Após atentar para os aspectos educacionais do documentário “literário”, Ana
sublinha o crescimento da importância do subgênero em momentos de afirmação da
identidade nacional. Esboça, assim, a premissa lógica que orientou, em dois momentos
ditatoriais distintos e distantes no tempo (o Estado Novo getulista e o pós-AI-5, anos 70
adentro), as relações entre cinema e produção cultural no Brasil.
Escrito entre 1977/1978 (portanto, nos anos subsequentes à adoção do Plano
Nacional de Cultura, vigente desde 1973 e que levaria o cinema brasileiro à sua melhor
década em termos de público e ocupação de mercado), o livro apresenta surpreendente
distanciamento crítico para uma observadora inserida no momento observado.
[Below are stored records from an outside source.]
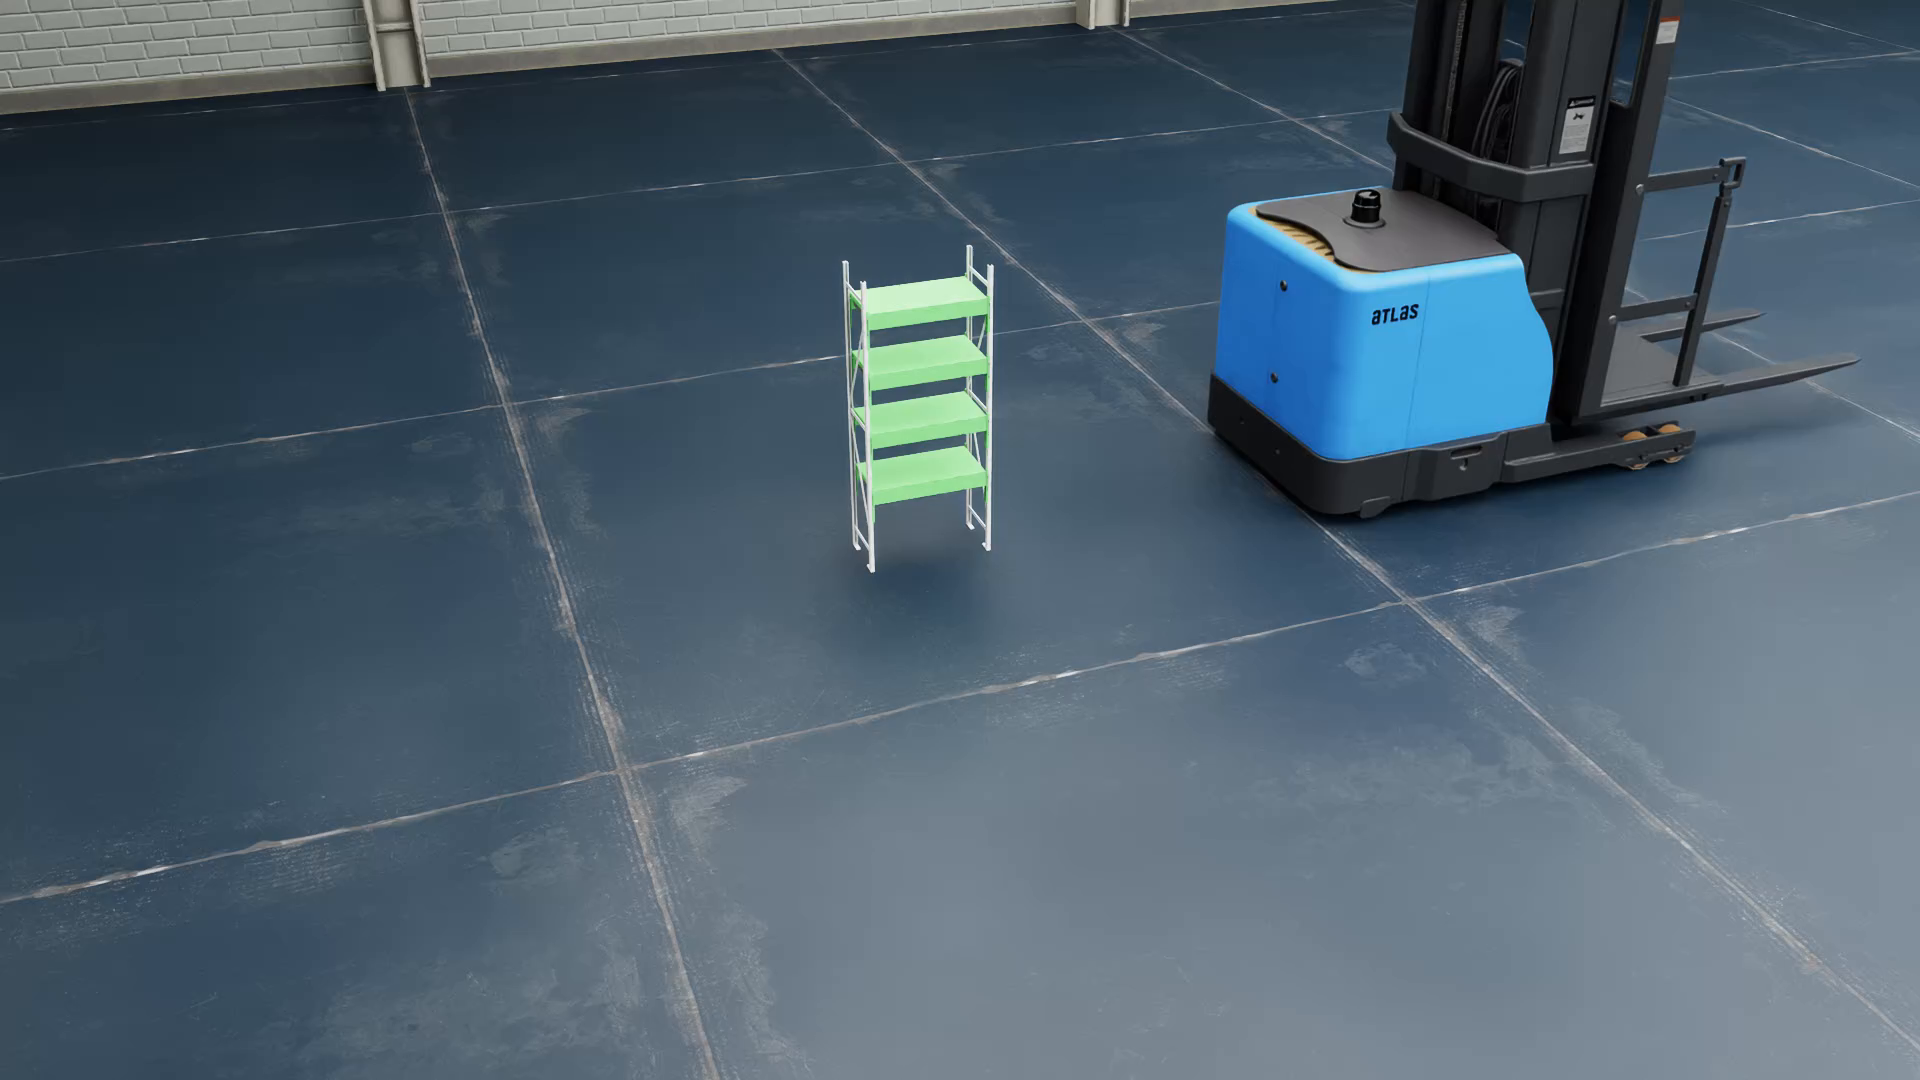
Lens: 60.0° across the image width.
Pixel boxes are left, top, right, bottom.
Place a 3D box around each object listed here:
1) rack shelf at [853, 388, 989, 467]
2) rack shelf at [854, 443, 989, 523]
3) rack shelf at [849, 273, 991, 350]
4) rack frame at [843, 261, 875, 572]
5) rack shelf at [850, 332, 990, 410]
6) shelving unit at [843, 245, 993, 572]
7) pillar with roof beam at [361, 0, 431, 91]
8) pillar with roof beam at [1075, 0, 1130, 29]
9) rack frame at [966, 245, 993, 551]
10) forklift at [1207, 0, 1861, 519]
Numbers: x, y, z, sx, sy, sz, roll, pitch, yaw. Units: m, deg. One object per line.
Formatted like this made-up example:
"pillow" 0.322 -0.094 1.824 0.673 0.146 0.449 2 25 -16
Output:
"rack shelf" -0.155 -0.437 6.434 0.480 0.148 0.258 -10 31 -18
"rack shelf" -0.155 -0.229 6.553 0.480 0.148 0.258 -10 31 -18
"rack shelf" -0.155 -0.854 6.197 0.480 0.148 0.258 -10 31 -18
"rack frame" -0.384 -0.451 6.329 0.015 1.200 0.240 -10 31 -18
"rack shelf" -0.155 -0.646 6.316 0.480 0.148 0.258 -10 31 -18
"shelving unit" -0.155 -0.493 6.403 0.503 1.200 0.258 -10 31 -18
"pillar with roof beam" -2.857 -5.481 7.280 0.400 9.000 9.100 -10 31 -18
"pillar with roof beam" 2.767 -6.517 9.098 0.400 9.000 9.100 -10 31 -18
"rack frame" 0.074 -0.535 6.477 0.015 1.200 0.240 -10 31 -18
"forklift" 2.694 -1.812 6.970 3.031 2.935 1.130 -11 31 -18
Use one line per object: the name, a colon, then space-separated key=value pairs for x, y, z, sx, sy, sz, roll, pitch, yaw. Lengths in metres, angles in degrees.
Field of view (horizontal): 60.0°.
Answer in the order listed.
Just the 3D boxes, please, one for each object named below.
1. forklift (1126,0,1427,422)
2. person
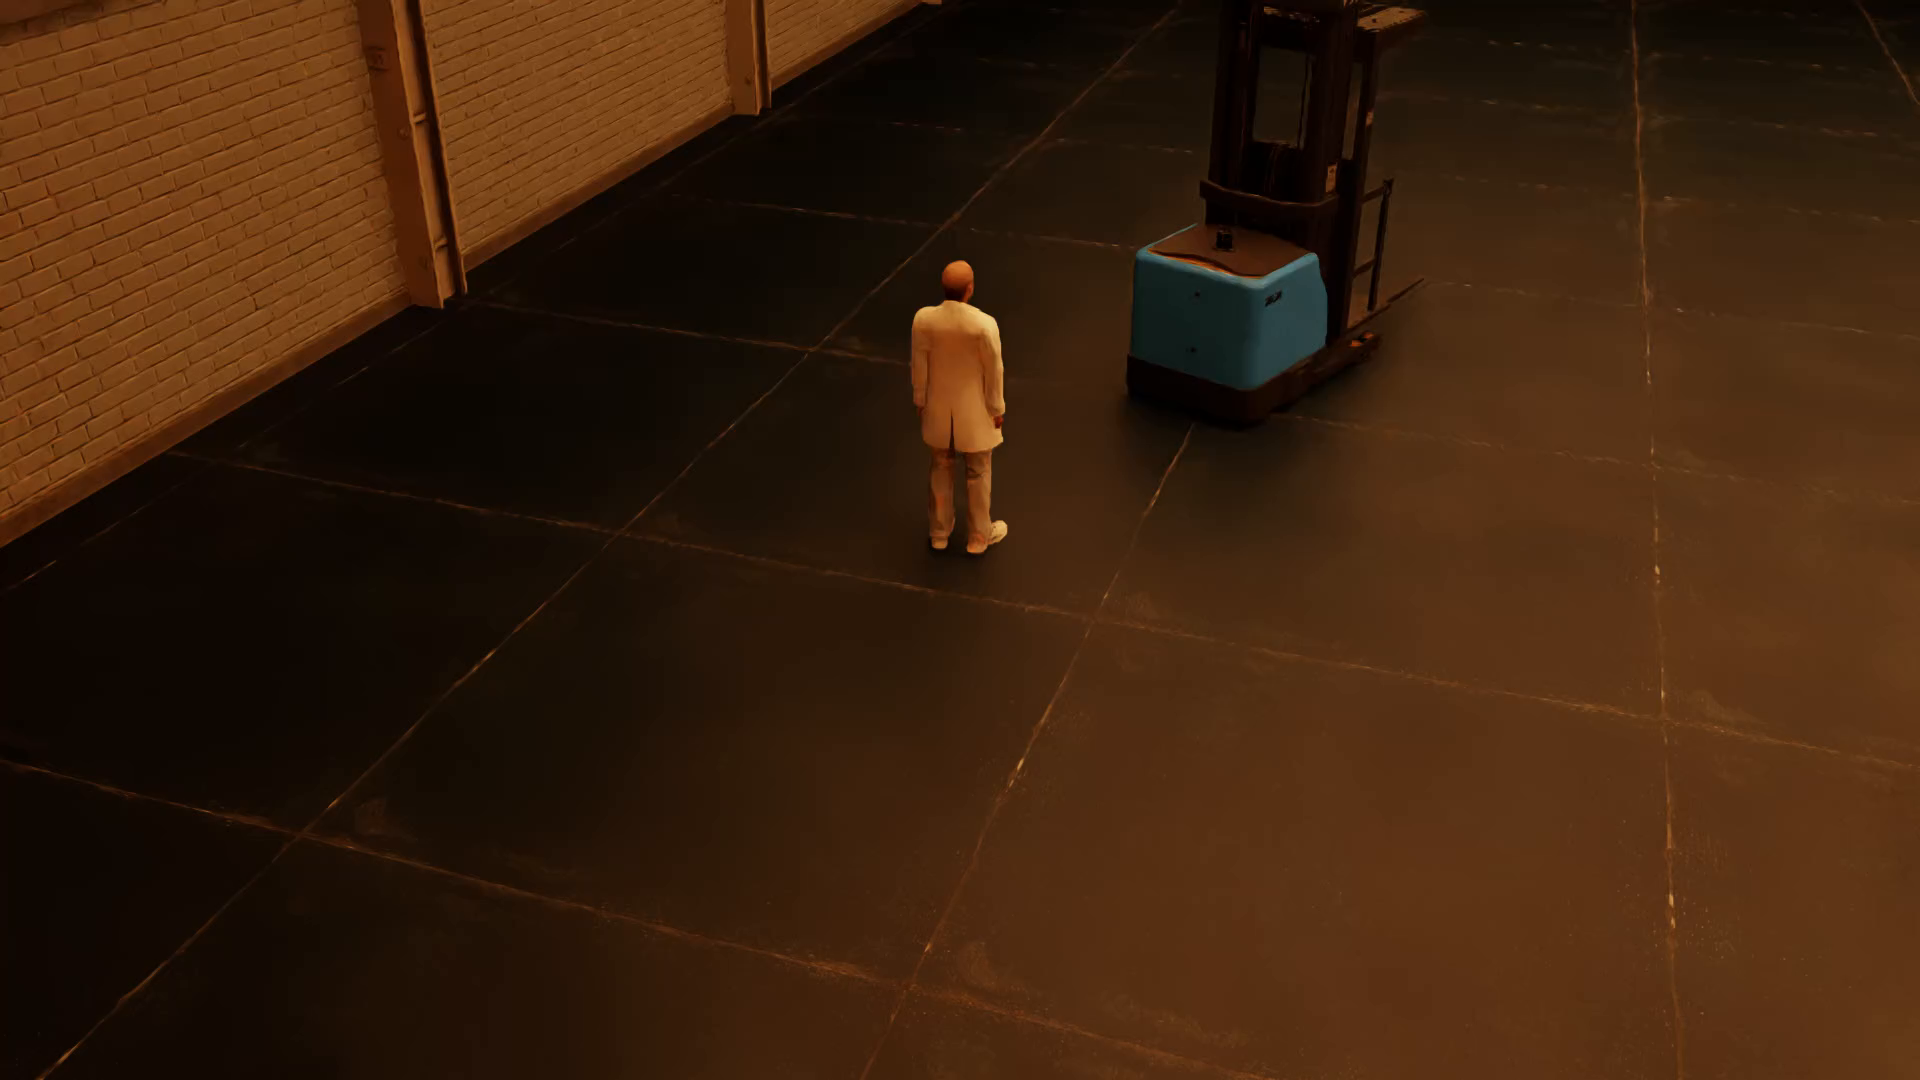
forklift: x=2.516 y=-2.737 z=11.937 sx=1.130 sy=2.935 sz=3.031 roll=22 pitch=37 yaw=34
person: x=0.007 y=-0.787 z=9.677 sx=0.558 sy=1.783 sz=0.377 roll=10 pitch=31 yaw=16
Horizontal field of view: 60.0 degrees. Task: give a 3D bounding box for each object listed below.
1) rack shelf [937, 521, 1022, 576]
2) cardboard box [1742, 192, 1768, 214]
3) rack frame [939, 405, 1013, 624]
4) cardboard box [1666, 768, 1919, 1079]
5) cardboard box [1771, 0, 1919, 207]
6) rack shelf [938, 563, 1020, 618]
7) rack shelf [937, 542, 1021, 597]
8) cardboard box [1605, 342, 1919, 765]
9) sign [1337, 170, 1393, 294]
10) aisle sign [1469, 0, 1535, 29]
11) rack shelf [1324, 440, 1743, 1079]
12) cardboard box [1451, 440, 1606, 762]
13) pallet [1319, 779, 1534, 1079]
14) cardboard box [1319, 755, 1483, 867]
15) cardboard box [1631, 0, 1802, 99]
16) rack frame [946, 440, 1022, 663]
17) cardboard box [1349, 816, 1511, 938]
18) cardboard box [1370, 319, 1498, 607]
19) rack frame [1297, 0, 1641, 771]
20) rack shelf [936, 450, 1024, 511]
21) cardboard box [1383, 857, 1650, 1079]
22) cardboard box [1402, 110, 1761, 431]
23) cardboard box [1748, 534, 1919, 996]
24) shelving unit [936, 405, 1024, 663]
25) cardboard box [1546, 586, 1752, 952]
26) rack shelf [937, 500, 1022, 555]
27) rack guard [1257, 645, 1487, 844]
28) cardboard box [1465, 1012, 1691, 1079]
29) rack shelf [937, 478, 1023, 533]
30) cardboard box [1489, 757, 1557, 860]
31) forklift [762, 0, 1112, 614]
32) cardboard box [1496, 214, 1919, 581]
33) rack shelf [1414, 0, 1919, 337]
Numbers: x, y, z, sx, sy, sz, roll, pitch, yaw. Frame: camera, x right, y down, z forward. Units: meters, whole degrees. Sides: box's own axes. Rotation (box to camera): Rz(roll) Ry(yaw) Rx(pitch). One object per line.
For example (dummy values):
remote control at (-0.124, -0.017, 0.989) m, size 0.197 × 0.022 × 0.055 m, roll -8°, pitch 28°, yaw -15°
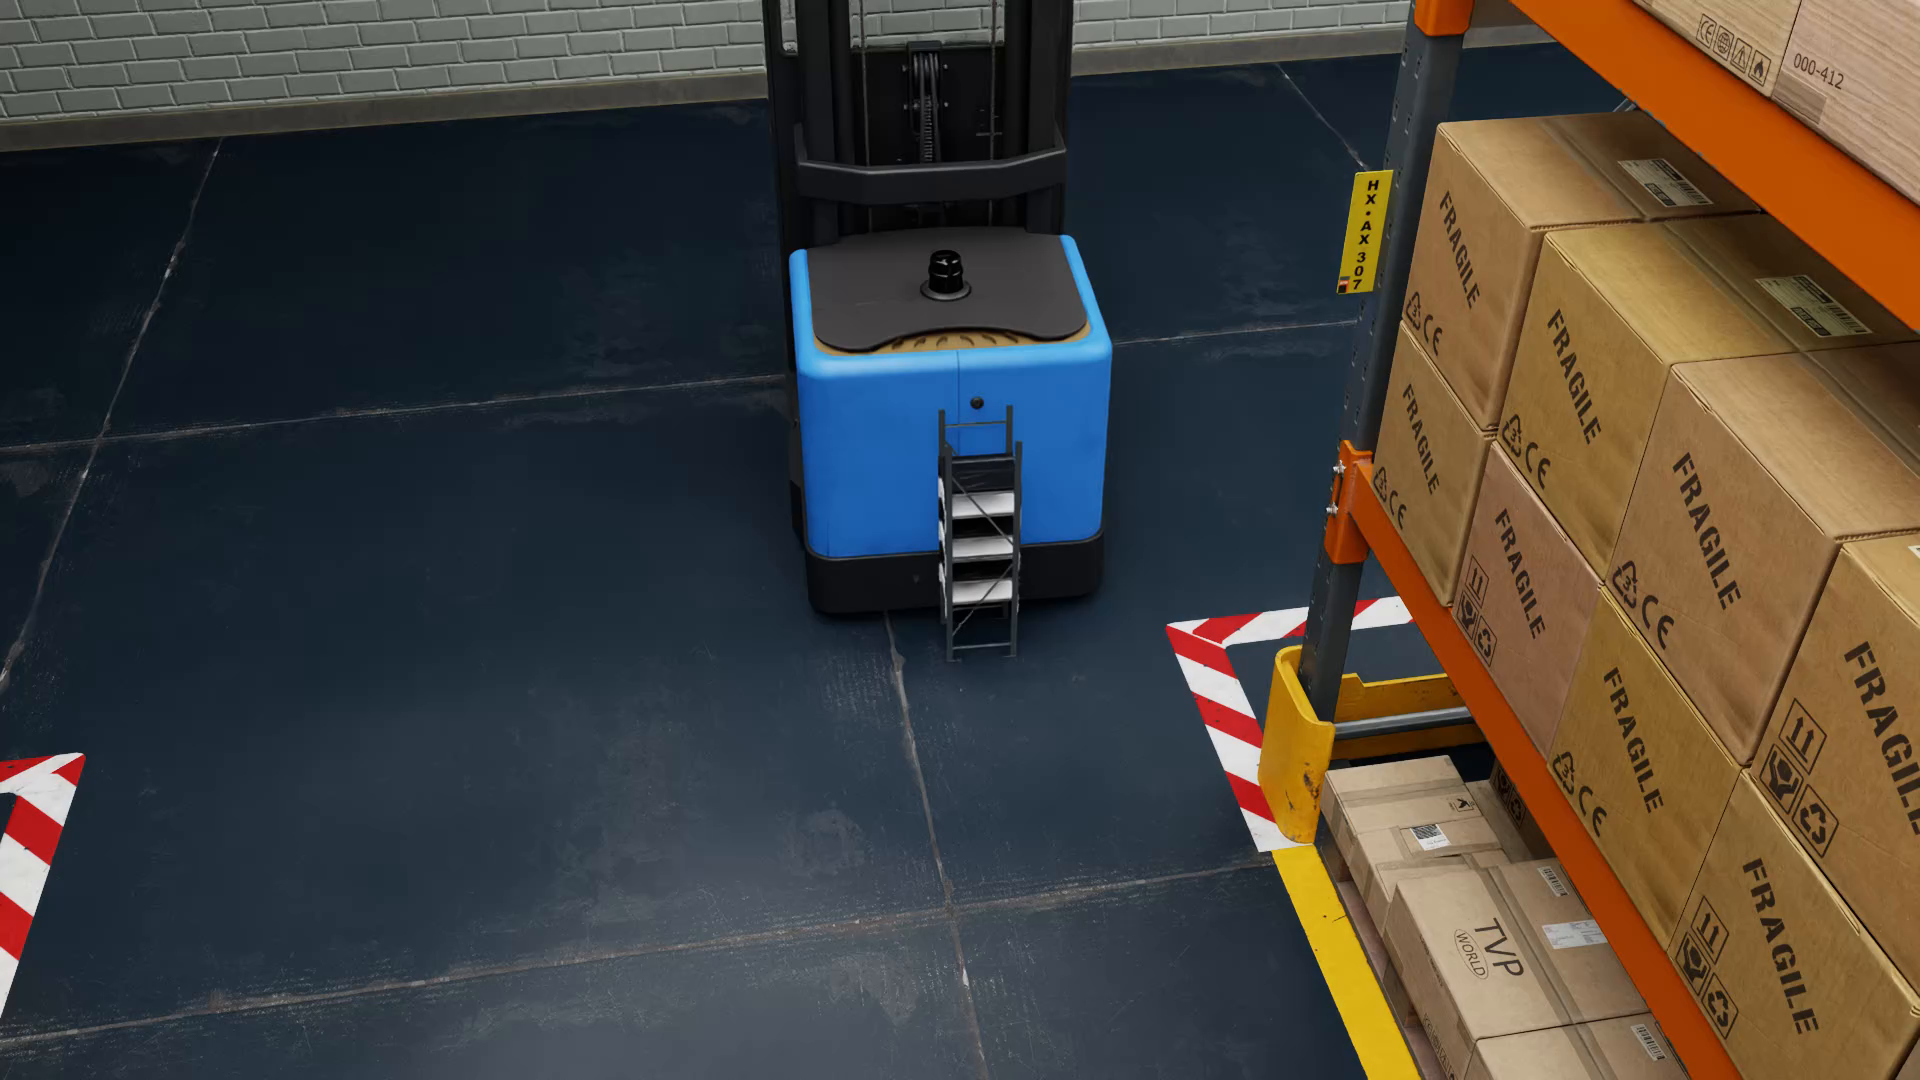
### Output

Buscando investigar a dinâmica da relação cinema-Estado, o livro analisa,
historicizando, os orgãos criados em quatro décadas dessa interlocução (desde o INCE,
1936), priorizando o exame dos critérios normativos responsáveis pela filtragem estatal
dos projetos
A produção estadonovista, baseada no Instituto Nacional de Cinema Educativo
(INCE) e chefiada pelo pioneiro Humberto Mauro, iniciara-se em 1937, com curtas
metragens produzidos de forma ininterrupta. Relativamente uniformes, voltavam-se, a
priori, à ofensiva oficial na educação escolar. É a essa fase que pertence a primeira
versão, em P&B, de Carro de Boi, que refilmado em cores em 1974, seria o derradeiro
filme dirigido por Mauro - o “nosso Griffith”, no dizer de Paulo Emílio Salles Gomes.
Já a produção documental dos anos setenta, não obstante estar ligada ao processo
de busca por legitimização cultural por patrte do regime, constituiria, segundo Ana
Cristina César, “mais um surto, menos um bloco patrocinado”, dizendo respeito mais à
“busca de uma eficácia perdida num esquema repressivo” do que a aspectos
especificamente educacionais. O relativo pluralismo dessa produção abarca desde filmes
presos ao convencionalismo formal (exaltação da personalidade do escritor; fetichização
de sua presença; etc.), até obras experimentais arrojadas - embora estas quase sempre
tenham sido, como será dado a constatar no desenrolar do livro, submetidas a périplos
tortuosos de financiamento.
Encerrando a primeira parte do livro, aflora a inquietude radical que marcou a
trajetória pessoal e literária da autora, na forma de uma análise provocativa e original do
conformismo da produção cine-documental brasileira, “sem produto que veicule uma
crítica radical `a visão circulante de literatura”. Questionando a possibilidade ou não de
se introduzir diferenças no interior do documentário, põe o dedo na ferida ao
interrelacionar, através da contraposição, tal possibilidade à natureza estatal da
produção.
Destaca-se no livro a percepção do quociente de manipulação inerente à escolha
de projetos pela EMBRAFILME. Através de entrevistas a autora permite entrever uma
combinação de critérios que, embora simulem um catalisador modelar comum à
heterogênea produção da estatal acabam, devido à flexibilidade excessiva, passíveis de
direcionamento para atender a interesses os mais diversos. Simplista falar em
cooptação, ingênuo desprezá-la.
Embora, nas décadas que se seguiram à publicação de Literatura Não é
Documento, autores como José Mário Ortiz Ramos (Cinema, Estado e Lutas culturais,
Paz e Terra, 1983), Tunico Amâncio (Artes e Manhas da Embrafilme, Eduff, 2000) e
Anita Simis (Estado e Cinema no Brasil, Anablume, 2008) tenham aprofundado
sensivelmente a análise das contradições e especifidades dos anos Embrafilme, o livro
de Ana Cristina César conserva sua contundência e originalidade, revelando
potencialidades que o suicídio da autora, aos 31 anos, tragicamente abreviou.